I know about science, thank you. In fact I'm a chemistry student and have partial studies of biochemistry as well, and I love theoretical areas like thermodynamics and quantum mechanics. In fact I got the highest score on the science exam for applying into university, so I know a lot of science and it makes sense to me thanks to my NiTe. I've read about socionics and talked with other INTJs, so I know how to find out if someone is my identical, and I'm pretty much sure that you're not one of them. By the way I only mentioned my ENFP friend because she's a Ne dom and that kind of ideas strike me as Ne, while you strike me as some XNTP type, specially considering your nickname that points to weak but valued Fe.

Besides I'm not blind, so I can see that a bug ended in my drink even if my Se is inferior, so I will get another drink if that happens.
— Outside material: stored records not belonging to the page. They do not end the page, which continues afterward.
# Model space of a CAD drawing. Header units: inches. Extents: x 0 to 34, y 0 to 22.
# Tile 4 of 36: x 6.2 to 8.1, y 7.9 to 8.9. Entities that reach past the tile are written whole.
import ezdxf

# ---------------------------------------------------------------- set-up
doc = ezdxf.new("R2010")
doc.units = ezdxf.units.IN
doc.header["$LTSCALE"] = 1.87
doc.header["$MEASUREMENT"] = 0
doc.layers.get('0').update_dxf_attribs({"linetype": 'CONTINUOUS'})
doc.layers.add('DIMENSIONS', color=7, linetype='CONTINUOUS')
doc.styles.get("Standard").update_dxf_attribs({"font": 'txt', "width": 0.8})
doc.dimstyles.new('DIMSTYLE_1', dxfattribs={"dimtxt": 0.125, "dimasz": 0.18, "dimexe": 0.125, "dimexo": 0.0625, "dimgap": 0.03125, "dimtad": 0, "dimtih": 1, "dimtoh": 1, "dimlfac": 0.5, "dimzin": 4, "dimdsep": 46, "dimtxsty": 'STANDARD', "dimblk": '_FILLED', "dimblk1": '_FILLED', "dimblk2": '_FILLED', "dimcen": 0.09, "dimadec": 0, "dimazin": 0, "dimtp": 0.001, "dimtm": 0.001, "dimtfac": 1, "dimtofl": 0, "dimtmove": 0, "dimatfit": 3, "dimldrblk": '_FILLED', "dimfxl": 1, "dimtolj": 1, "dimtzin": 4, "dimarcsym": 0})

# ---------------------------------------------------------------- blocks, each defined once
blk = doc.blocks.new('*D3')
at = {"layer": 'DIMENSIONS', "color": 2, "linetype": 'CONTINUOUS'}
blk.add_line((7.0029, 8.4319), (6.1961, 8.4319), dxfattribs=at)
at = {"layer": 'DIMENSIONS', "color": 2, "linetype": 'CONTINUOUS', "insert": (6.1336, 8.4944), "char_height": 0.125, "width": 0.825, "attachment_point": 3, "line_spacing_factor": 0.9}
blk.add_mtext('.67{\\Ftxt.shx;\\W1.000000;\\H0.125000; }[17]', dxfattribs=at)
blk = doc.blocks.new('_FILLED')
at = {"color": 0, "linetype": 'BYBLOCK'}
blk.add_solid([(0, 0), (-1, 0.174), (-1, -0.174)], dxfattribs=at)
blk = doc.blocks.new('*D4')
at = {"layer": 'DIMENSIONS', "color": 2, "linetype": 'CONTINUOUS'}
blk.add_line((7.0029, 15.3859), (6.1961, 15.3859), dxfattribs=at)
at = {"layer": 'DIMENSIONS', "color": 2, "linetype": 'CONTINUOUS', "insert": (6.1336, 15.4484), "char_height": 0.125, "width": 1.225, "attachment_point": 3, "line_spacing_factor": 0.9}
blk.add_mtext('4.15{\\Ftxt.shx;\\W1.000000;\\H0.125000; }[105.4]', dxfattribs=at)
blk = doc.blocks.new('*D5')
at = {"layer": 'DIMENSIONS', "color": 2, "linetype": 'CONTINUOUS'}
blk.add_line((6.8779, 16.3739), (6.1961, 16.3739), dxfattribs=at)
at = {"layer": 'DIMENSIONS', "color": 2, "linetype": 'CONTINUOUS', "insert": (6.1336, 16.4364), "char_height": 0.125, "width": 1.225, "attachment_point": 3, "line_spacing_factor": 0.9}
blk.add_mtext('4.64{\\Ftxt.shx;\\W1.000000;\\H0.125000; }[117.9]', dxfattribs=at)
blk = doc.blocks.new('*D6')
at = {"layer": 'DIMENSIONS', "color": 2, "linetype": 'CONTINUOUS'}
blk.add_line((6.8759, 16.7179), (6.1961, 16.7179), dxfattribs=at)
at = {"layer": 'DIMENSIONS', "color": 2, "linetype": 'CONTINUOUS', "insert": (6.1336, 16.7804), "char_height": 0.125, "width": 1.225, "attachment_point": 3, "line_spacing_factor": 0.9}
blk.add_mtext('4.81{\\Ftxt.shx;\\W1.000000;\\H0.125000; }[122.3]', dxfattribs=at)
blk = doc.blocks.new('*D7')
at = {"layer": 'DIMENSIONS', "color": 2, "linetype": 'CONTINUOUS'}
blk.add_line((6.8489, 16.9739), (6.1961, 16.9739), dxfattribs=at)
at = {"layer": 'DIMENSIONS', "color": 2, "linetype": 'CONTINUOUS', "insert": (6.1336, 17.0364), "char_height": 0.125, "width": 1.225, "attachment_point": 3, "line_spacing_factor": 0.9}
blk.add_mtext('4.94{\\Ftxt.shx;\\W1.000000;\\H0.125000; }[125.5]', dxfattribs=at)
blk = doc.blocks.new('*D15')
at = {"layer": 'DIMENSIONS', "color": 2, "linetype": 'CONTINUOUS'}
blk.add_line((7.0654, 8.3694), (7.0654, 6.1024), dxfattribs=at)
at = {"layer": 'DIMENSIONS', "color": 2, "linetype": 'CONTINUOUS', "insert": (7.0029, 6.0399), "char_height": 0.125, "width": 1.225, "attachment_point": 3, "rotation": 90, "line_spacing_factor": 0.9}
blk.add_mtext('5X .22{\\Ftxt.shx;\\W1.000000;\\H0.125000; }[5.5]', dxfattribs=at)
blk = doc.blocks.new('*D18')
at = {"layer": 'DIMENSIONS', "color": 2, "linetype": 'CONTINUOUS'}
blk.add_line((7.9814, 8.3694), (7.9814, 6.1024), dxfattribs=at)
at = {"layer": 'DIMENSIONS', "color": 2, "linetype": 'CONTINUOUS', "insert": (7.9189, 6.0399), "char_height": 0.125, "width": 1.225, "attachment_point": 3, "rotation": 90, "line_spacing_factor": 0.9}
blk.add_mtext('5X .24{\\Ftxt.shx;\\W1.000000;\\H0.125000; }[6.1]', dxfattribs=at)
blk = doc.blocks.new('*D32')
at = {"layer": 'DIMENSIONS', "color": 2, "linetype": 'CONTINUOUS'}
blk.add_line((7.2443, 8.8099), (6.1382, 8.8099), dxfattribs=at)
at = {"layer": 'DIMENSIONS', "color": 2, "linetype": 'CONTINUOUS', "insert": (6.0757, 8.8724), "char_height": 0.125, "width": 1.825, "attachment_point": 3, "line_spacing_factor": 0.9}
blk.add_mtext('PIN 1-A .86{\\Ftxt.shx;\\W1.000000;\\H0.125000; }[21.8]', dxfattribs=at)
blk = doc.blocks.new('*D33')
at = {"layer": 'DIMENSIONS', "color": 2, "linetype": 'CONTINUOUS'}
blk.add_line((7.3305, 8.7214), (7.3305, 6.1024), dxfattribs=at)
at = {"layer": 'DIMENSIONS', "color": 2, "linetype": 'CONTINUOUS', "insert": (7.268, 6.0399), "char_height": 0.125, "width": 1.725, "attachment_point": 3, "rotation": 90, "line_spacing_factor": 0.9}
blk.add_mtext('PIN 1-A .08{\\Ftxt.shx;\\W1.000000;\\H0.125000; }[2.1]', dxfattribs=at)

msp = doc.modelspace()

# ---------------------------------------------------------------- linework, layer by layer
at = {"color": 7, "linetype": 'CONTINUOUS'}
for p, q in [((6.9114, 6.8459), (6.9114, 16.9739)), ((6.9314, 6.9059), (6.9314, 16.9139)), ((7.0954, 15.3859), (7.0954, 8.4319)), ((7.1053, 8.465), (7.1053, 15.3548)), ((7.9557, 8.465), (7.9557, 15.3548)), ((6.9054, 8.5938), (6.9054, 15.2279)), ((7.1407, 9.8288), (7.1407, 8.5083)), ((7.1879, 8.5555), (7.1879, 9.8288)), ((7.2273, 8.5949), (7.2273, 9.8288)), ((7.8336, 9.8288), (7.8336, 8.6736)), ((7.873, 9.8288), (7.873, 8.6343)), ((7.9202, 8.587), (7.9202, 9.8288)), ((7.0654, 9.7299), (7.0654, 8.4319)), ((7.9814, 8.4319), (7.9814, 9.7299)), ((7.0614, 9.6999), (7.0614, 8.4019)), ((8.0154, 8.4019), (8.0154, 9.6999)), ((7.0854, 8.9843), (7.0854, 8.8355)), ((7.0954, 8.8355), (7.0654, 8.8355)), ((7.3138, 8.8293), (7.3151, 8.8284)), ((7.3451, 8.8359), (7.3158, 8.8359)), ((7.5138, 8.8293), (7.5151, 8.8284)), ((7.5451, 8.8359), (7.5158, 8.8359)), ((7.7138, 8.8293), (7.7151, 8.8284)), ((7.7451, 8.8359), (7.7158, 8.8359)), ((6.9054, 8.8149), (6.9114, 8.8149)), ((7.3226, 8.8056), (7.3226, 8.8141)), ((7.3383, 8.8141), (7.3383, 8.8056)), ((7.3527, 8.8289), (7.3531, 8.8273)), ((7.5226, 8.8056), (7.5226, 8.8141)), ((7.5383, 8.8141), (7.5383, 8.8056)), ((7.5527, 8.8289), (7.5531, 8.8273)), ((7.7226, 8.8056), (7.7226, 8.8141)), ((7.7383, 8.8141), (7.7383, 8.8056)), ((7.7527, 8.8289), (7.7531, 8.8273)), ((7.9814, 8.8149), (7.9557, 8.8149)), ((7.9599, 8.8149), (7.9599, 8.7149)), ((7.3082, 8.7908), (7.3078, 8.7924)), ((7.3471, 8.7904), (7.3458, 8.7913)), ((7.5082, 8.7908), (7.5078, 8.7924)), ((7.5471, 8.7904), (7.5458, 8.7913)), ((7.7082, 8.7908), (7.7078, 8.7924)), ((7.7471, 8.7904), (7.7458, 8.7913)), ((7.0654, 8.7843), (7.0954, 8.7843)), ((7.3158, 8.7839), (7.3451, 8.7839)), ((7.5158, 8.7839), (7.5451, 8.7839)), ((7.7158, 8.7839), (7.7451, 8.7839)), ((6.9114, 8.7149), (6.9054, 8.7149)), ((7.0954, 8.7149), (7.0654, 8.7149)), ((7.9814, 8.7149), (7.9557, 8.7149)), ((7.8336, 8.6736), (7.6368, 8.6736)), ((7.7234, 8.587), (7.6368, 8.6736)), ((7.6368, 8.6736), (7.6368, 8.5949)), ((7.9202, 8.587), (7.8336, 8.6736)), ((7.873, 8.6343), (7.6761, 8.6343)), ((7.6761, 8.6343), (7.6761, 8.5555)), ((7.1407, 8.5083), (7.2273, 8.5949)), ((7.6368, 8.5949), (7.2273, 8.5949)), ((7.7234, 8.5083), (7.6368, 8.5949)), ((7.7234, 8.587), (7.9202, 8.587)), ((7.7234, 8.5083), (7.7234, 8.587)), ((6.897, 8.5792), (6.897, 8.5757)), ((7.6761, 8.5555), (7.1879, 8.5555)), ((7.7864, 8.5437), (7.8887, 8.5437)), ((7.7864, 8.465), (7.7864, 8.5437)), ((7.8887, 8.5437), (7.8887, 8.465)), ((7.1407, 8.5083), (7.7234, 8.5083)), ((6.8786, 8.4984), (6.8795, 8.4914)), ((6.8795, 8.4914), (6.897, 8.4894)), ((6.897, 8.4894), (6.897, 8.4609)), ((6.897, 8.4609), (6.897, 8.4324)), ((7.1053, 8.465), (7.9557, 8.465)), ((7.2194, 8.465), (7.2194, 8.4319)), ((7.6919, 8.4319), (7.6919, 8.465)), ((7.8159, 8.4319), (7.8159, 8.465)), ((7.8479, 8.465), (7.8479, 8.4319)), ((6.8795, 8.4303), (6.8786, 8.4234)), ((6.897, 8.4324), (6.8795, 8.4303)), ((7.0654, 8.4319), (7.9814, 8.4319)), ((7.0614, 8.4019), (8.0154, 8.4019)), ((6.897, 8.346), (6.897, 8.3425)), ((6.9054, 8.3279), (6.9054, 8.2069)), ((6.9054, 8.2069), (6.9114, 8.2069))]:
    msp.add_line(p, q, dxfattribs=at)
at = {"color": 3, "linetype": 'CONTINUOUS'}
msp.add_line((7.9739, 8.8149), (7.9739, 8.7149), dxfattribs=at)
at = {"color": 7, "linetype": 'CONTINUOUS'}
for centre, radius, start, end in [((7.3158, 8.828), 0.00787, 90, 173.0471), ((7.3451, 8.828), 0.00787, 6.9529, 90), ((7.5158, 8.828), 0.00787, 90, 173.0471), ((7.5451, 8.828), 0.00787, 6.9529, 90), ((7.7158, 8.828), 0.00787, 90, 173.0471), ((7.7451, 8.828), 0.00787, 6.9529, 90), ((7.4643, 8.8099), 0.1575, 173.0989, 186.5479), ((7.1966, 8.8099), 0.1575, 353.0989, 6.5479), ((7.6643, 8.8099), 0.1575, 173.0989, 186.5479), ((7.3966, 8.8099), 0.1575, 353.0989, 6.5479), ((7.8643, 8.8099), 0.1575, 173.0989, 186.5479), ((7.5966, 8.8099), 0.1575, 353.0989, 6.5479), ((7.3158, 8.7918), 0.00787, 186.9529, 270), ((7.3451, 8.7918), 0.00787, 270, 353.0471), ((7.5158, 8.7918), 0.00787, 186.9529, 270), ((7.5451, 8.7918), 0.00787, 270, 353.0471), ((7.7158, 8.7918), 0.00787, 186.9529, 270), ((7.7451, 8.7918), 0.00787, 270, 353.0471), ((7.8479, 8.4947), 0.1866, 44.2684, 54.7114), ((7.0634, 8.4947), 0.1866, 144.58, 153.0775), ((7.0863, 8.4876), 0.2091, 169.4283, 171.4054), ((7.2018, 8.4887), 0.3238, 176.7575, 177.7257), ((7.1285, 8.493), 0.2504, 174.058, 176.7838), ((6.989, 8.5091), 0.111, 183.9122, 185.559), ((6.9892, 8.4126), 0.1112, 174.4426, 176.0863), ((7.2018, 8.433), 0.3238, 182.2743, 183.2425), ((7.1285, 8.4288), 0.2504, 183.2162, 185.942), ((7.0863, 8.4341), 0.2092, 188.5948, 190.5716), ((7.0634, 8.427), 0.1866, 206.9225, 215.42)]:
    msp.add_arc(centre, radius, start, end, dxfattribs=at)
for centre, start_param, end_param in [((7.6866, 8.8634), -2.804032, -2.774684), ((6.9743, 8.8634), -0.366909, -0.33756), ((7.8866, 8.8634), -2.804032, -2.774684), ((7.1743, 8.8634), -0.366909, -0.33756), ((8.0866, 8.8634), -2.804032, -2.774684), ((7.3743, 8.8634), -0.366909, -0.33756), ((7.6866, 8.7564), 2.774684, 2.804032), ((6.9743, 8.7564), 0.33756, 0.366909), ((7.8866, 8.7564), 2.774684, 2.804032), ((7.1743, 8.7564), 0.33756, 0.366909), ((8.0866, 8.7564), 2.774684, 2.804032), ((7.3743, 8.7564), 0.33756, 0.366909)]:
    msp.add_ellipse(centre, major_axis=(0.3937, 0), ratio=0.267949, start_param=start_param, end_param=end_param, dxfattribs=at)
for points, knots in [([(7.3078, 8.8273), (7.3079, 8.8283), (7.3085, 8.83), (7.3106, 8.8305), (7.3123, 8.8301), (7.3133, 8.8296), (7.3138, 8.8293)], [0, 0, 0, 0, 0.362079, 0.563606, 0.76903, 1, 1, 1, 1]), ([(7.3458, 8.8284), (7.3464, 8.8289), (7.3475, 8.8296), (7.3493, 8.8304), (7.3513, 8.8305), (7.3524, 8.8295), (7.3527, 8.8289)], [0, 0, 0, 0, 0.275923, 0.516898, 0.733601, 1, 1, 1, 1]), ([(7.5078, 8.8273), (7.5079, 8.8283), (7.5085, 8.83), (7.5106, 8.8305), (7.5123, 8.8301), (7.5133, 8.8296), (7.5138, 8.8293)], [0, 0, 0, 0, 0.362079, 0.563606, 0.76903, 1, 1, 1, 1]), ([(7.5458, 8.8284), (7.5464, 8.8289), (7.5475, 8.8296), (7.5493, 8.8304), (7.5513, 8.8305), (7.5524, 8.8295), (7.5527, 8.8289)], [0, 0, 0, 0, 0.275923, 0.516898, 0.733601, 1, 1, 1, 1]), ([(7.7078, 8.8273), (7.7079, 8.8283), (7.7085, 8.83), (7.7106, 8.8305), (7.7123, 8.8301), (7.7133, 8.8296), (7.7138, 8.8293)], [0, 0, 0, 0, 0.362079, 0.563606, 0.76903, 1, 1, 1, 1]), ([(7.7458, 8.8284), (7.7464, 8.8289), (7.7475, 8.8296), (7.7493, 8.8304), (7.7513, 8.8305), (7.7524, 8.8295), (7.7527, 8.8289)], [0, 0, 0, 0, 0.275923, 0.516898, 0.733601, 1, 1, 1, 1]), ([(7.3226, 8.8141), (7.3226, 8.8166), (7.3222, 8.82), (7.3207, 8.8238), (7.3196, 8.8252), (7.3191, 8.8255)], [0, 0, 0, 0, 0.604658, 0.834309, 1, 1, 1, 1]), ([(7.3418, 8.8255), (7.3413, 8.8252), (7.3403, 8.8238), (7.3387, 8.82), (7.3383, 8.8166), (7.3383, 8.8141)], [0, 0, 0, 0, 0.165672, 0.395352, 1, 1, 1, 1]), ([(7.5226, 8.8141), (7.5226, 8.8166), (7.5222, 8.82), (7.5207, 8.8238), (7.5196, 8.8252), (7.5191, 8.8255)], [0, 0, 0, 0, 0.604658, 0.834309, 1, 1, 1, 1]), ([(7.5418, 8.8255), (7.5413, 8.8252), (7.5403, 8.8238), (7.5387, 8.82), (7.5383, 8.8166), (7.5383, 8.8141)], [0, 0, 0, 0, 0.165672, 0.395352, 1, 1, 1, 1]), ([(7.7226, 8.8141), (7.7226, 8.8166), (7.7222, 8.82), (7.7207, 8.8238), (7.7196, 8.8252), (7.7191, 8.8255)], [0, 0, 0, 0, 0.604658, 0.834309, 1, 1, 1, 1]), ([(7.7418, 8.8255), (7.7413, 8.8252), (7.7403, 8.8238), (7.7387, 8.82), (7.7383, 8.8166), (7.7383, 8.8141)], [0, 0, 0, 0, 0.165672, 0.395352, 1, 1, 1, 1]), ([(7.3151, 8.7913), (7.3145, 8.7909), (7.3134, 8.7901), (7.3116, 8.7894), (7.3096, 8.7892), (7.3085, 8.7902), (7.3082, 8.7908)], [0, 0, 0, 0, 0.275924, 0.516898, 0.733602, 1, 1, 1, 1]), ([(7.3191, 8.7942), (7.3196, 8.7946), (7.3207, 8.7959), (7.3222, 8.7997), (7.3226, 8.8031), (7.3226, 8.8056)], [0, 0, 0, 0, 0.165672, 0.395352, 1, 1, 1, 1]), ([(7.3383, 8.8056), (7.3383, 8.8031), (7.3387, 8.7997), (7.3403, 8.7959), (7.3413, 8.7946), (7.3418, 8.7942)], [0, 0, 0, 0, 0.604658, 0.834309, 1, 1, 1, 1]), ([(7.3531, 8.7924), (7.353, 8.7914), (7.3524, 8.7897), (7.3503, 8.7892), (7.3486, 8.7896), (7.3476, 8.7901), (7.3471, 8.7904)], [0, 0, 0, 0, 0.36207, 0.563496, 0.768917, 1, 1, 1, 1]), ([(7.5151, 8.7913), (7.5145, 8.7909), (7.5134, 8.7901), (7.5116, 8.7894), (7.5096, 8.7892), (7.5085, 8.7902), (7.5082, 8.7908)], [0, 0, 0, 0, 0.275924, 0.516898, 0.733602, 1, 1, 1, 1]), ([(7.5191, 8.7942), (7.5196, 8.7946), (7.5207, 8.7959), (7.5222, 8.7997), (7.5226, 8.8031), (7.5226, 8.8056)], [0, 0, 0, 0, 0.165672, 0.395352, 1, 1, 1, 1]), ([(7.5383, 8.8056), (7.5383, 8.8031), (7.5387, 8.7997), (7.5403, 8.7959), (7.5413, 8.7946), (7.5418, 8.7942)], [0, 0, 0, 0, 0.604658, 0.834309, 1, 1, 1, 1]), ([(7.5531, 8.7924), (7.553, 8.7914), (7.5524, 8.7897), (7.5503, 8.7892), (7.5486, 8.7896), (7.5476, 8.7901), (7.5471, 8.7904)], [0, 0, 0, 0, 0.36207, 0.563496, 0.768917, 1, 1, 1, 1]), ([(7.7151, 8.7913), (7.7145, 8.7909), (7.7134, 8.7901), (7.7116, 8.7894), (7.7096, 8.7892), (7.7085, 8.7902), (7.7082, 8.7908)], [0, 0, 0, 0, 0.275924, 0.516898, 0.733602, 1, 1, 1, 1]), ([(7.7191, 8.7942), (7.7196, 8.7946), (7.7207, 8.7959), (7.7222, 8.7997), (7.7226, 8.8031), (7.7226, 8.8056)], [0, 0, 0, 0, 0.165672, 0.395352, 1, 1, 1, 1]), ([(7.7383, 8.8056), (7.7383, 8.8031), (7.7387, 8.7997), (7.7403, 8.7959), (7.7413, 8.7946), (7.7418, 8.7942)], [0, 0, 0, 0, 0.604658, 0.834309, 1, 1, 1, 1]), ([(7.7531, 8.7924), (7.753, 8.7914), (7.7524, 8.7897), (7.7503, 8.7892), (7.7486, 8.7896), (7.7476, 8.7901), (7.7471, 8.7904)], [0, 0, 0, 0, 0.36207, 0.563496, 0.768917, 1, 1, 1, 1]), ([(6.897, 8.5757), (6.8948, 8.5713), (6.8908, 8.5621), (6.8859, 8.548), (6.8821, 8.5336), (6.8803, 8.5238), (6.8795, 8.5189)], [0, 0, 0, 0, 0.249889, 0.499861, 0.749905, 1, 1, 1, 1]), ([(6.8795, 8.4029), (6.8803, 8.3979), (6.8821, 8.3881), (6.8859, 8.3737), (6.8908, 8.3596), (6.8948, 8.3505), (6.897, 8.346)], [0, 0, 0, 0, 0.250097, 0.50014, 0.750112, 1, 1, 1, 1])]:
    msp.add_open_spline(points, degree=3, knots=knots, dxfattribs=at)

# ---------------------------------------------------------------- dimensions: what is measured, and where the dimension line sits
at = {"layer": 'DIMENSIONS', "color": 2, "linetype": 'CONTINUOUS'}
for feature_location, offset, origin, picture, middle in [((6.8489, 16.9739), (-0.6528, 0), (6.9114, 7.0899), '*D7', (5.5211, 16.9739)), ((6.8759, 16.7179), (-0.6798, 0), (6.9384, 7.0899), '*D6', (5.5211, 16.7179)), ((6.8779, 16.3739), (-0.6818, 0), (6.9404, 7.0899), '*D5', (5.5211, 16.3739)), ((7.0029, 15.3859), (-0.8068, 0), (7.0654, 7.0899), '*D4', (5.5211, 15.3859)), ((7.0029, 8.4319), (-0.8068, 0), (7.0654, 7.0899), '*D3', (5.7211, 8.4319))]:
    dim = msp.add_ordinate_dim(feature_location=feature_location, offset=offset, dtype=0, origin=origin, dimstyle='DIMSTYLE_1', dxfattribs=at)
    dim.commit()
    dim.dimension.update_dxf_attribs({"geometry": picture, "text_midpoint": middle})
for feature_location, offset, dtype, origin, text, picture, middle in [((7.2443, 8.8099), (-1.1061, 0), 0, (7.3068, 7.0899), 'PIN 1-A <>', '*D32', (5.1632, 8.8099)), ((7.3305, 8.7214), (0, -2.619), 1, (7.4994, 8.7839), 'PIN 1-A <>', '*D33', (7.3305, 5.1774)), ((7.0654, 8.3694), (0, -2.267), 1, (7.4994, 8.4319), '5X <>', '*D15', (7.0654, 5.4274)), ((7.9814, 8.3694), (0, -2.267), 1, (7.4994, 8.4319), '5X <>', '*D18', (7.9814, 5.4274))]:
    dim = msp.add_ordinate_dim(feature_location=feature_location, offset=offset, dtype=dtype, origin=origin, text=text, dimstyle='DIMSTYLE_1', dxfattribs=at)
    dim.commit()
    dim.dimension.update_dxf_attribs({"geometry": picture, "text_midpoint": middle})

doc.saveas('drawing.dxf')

P.D.: that MBTI description sucks, and I don't bother anymore with MBTI at it's a poor's man version of Jung's ideas and socionics.


----------



## Figure (Jun 22, 2011)

I know some people who are CUNTS and their type is pretty annoying, much more than INTJs.


----------



## CharmingINTJ (Jan 16, 2014)

I really doubt that if you are stating that that such idea are unrealistic. You clearly dont believe in science if you say so. Also yes you can swallow an insect if you are not paying attention. I stopped someone from doing this since I watched a bee fall in after they left. Its not like this is impossible. Also you clearly do not realize what an INTJ is since its defined as Scientist/strategist. I not sure what your idea of INTJ is but if its not logical I am lost to what the type of really suppose to be. Also I never claimed to be your Identical I simply said my type.


----------



## Flatlander (Feb 25, 2012)

Being INTJ doesn't inherently annoy people since a type just describes the perspectives you favor in reasoning, but being in the wrong section just might. This belongs in the INTJ forum. The Enneagram is a different system.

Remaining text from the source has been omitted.